■ What you will do ■
Repeat the entries below exactly, pictures excluded.

■ Working data ■
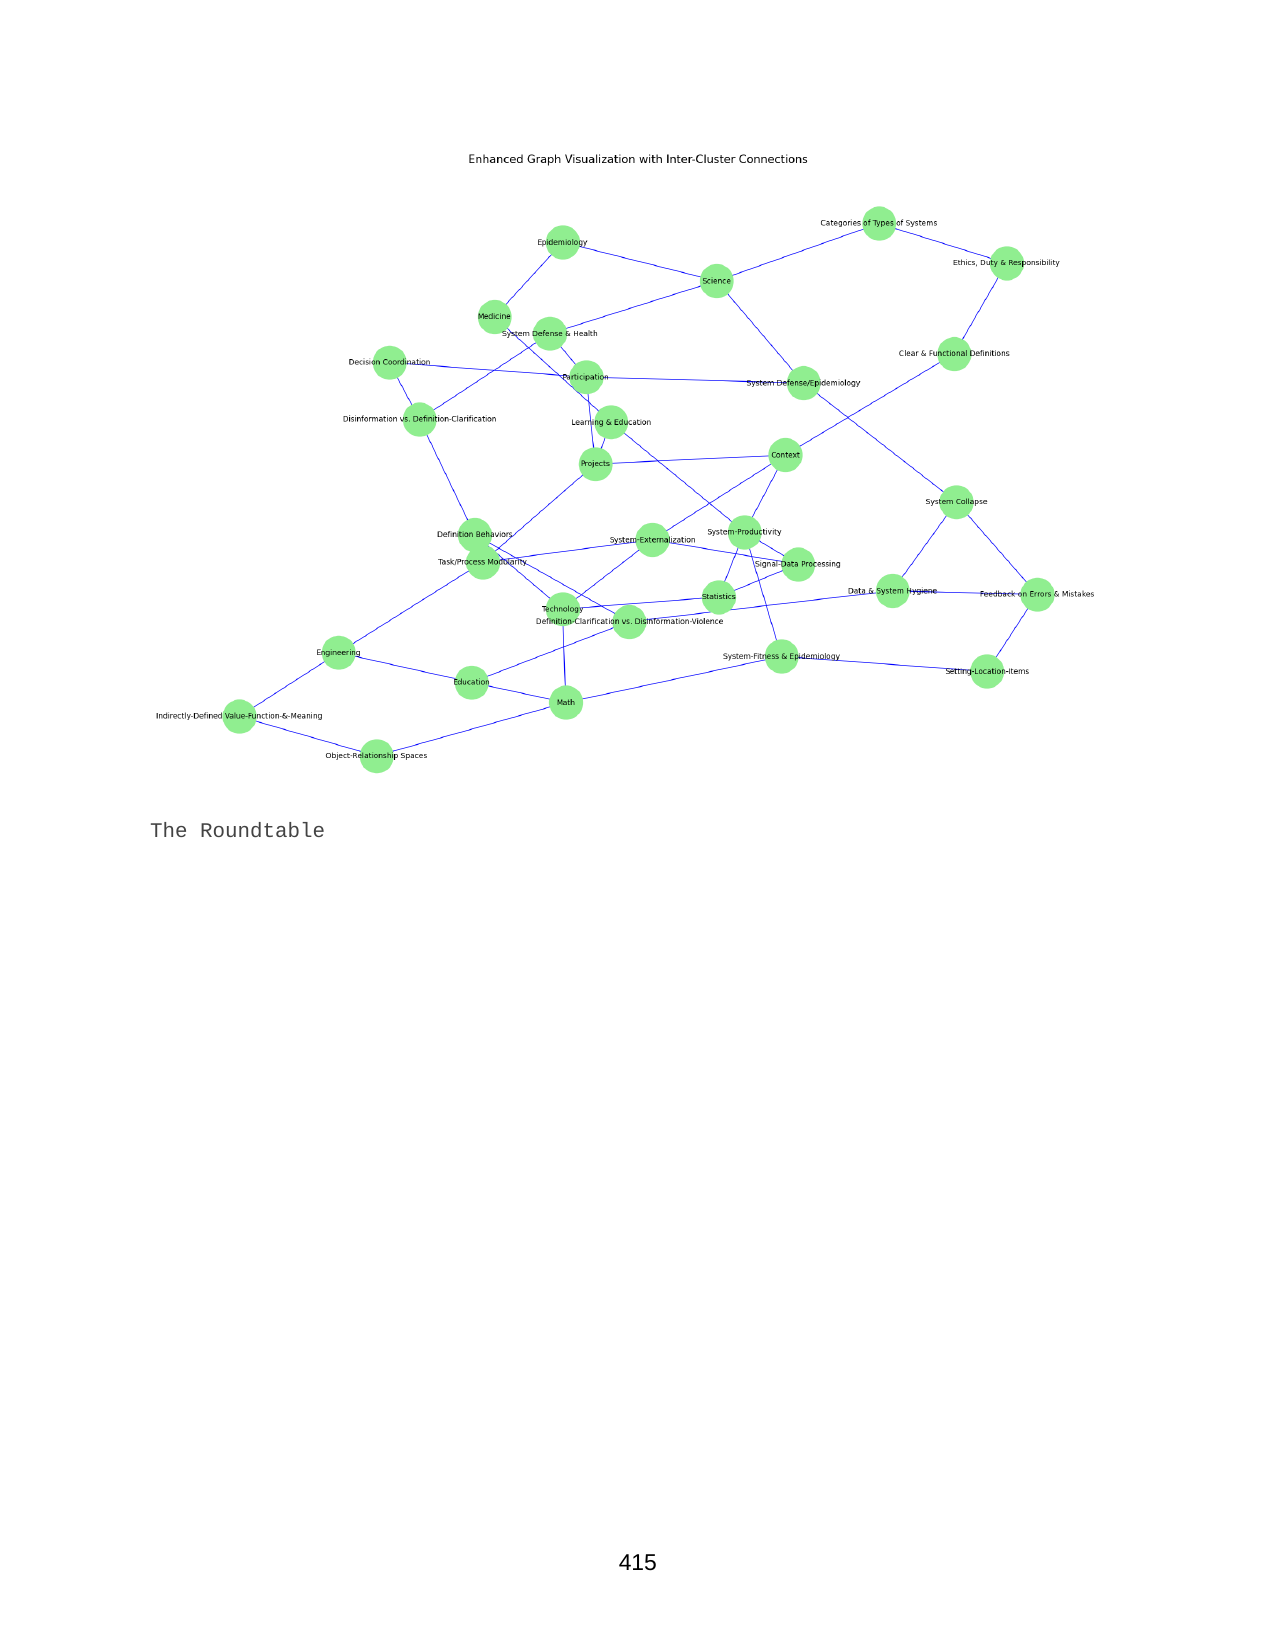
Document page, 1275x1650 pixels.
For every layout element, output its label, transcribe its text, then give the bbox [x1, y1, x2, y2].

text The Roundtable [150, 821, 1125, 844]
picture [150, 150, 1125, 817]
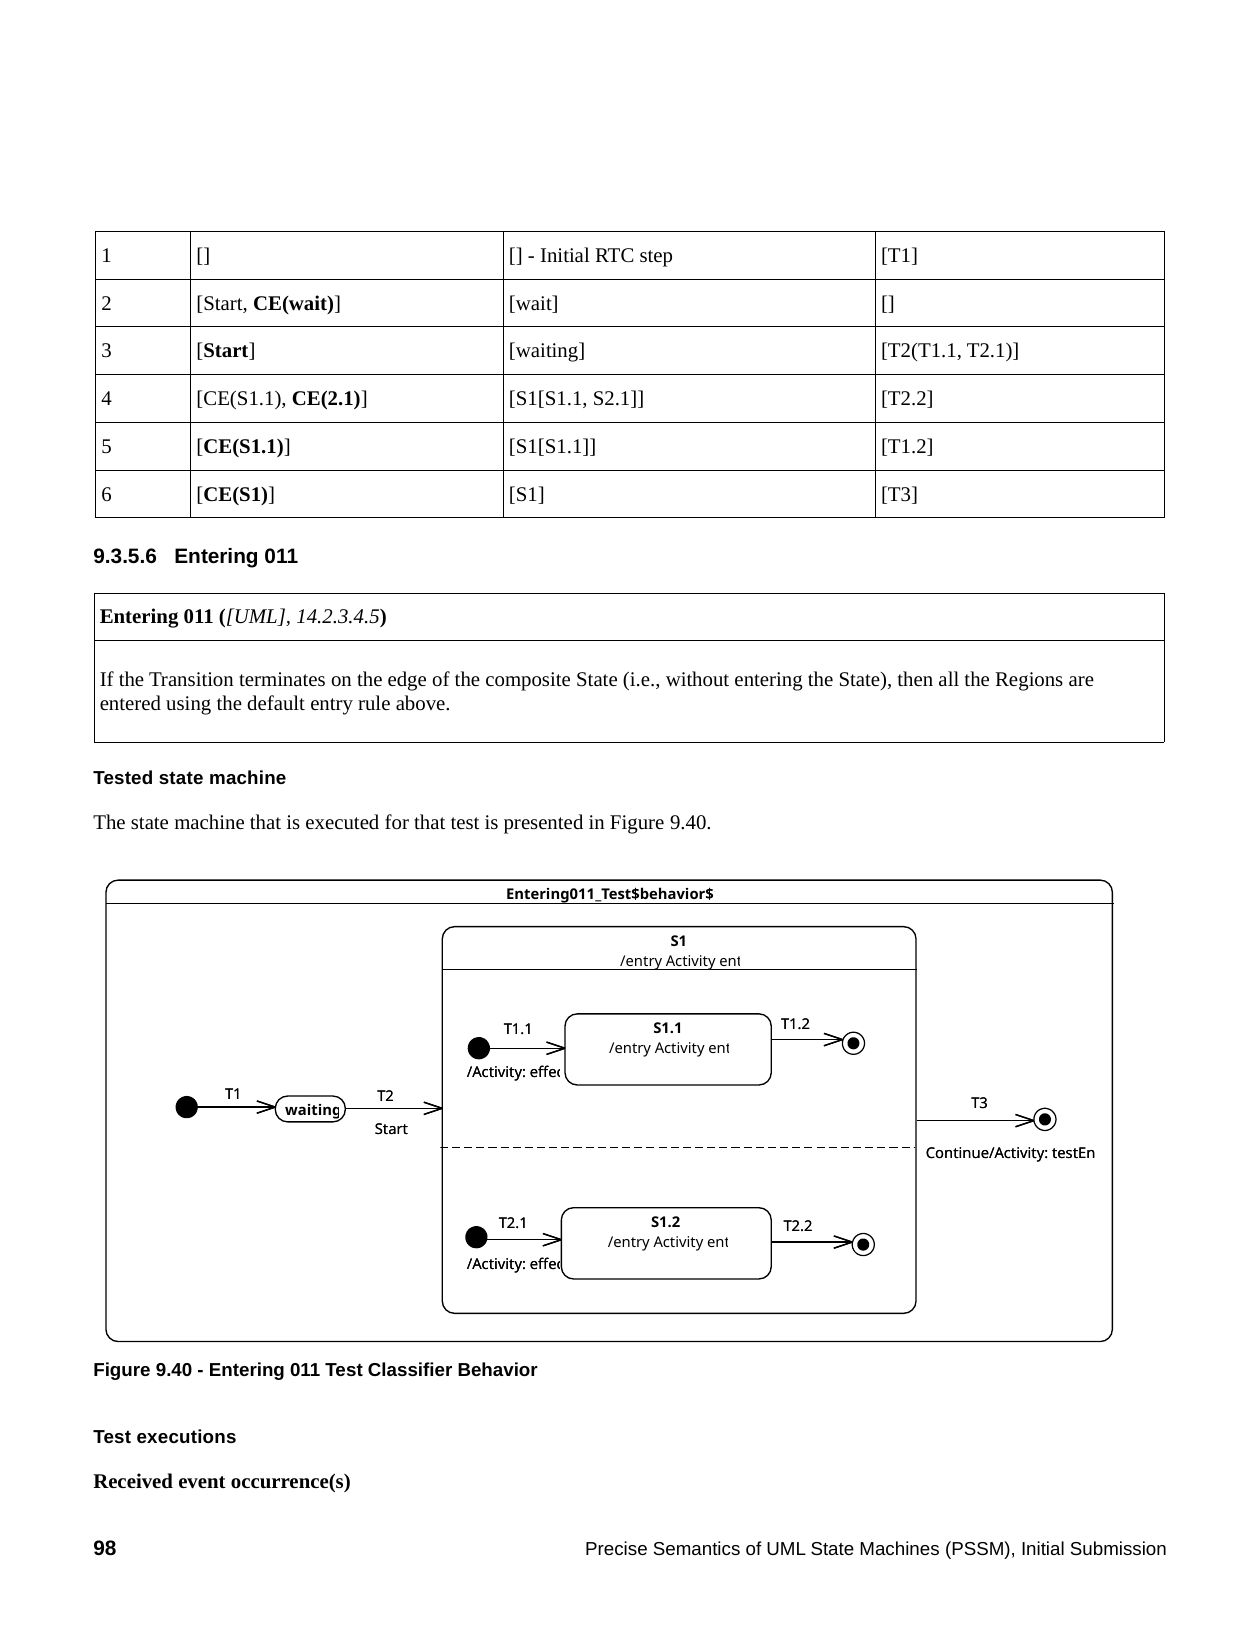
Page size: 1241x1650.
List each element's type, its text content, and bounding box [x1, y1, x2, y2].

table_cell 1 [96, 232, 190, 279]
table_cell 4 [96, 375, 190, 422]
table_cell [] - Initial RTC step [504, 232, 875, 279]
table_cell [S1] [504, 471, 875, 517]
table_cell [T2(T1.1, T2.1)] [876, 327, 1164, 374]
table_cell [T2.2] [876, 375, 1164, 422]
table_cell If the Transition terminates on the edge of the composite State (i.e., without entering the State), then all the Regions are entered using the default entry rule above. [95, 641, 1164, 742]
text Received event occurrence(s) [93, 1469, 1164, 1493]
table_cell [Start] [191, 327, 503, 374]
subtitle Test executions [93, 1426, 1164, 1448]
table_cell [T1] [876, 232, 1164, 279]
table_cell [T3] [876, 471, 1164, 517]
table_cell [T1.2] [876, 423, 1164, 469]
table_header Entering 011 ([UML], 14.2.3.4.5) [95, 594, 1164, 640]
subtitle Entering 011 [93, 542, 1164, 567]
table_cell [S1[S1.1]] [504, 423, 875, 469]
table_cell 2 [96, 280, 190, 326]
subtitle Tested state machine [93, 767, 1164, 788]
text Figure 9.40 - Entering 011 Test Classifier Behavior [93, 867, 1127, 1380]
table_cell [CE(S1)] [191, 471, 503, 517]
table_cell [S1[S1.1, S2.1]] [504, 375, 875, 422]
table_cell 5 [96, 423, 190, 469]
table_cell [Start, CE(wait)] [191, 280, 503, 326]
table_cell [wait] [504, 280, 875, 326]
text The state machine that is executed for that test is presented in Figure 9.40. [93, 809, 1164, 834]
table_cell [CE(S1.1)] [191, 423, 503, 469]
table_cell [] [876, 280, 1164, 326]
table_cell 3 [96, 327, 190, 374]
table_cell [CE(S1.1), CE(2.1)] [191, 375, 503, 422]
table_cell [] [191, 232, 503, 279]
table_cell 6 [96, 471, 190, 517]
table_cell [waiting] [504, 327, 875, 374]

■ Answer box ■
Document page, 1275x1650 pixels.
For every layout element, output its label, transcribe its text, then give the bbox [x1, y1, x2, y2].

text The Roundtable [150, 821, 1125, 844]
picture [150, 150, 1125, 817]
Page size: 1241x1650.
List each element's type, its text content, and bounding box [x1, y1, x2, y2].

table_cell 1 [96, 232, 190, 279]
table_cell 4 [96, 375, 190, 422]
table_cell [] - Initial RTC step [504, 232, 875, 279]
table_cell [S1] [504, 471, 875, 517]
table_cell [T2(T1.1, T2.1)] [876, 327, 1164, 374]
table_cell [T2.2] [876, 375, 1164, 422]
table_cell If the Transition terminates on the edge of the composite State (i.e., without entering the State), then all the Regions are entered using the default entry rule above. [95, 641, 1164, 742]
text Received event occurrence(s) [93, 1469, 1164, 1493]
table_cell [Start] [191, 327, 503, 374]
subtitle Test executions [93, 1426, 1164, 1448]
table_cell [T1] [876, 232, 1164, 279]
table_cell [T3] [876, 471, 1164, 517]
table_cell [T1.2] [876, 423, 1164, 469]
table_header Entering 011 ([UML], 14.2.3.4.5) [95, 594, 1164, 640]
subtitle Entering 011 [93, 542, 1164, 567]
table_cell [S1[S1.1]] [504, 423, 875, 469]
table_cell 2 [96, 280, 190, 326]
subtitle Tested state machine [93, 767, 1164, 788]
text Figure 9.40 - Entering 011 Test Classifier Behavior [93, 867, 1127, 1380]
table_cell [CE(S1)] [191, 471, 503, 517]
table_cell [S1[S1.1, S2.1]] [504, 375, 875, 422]
table_cell 5 [96, 423, 190, 469]
table_cell [Start, CE(wait)] [191, 280, 503, 326]
table_cell [wait] [504, 280, 875, 326]
text The state machine that is executed for that test is presented in Figure 9.40. [93, 809, 1164, 834]
table_cell [CE(S1.1)] [191, 423, 503, 469]
table_cell [] [876, 280, 1164, 326]
table_cell 3 [96, 327, 190, 374]
table_cell [CE(S1.1), CE(2.1)] [191, 375, 503, 422]
table_cell [] [191, 232, 503, 279]
table_cell 6 [96, 471, 190, 517]
table_cell [waiting] [504, 327, 875, 374]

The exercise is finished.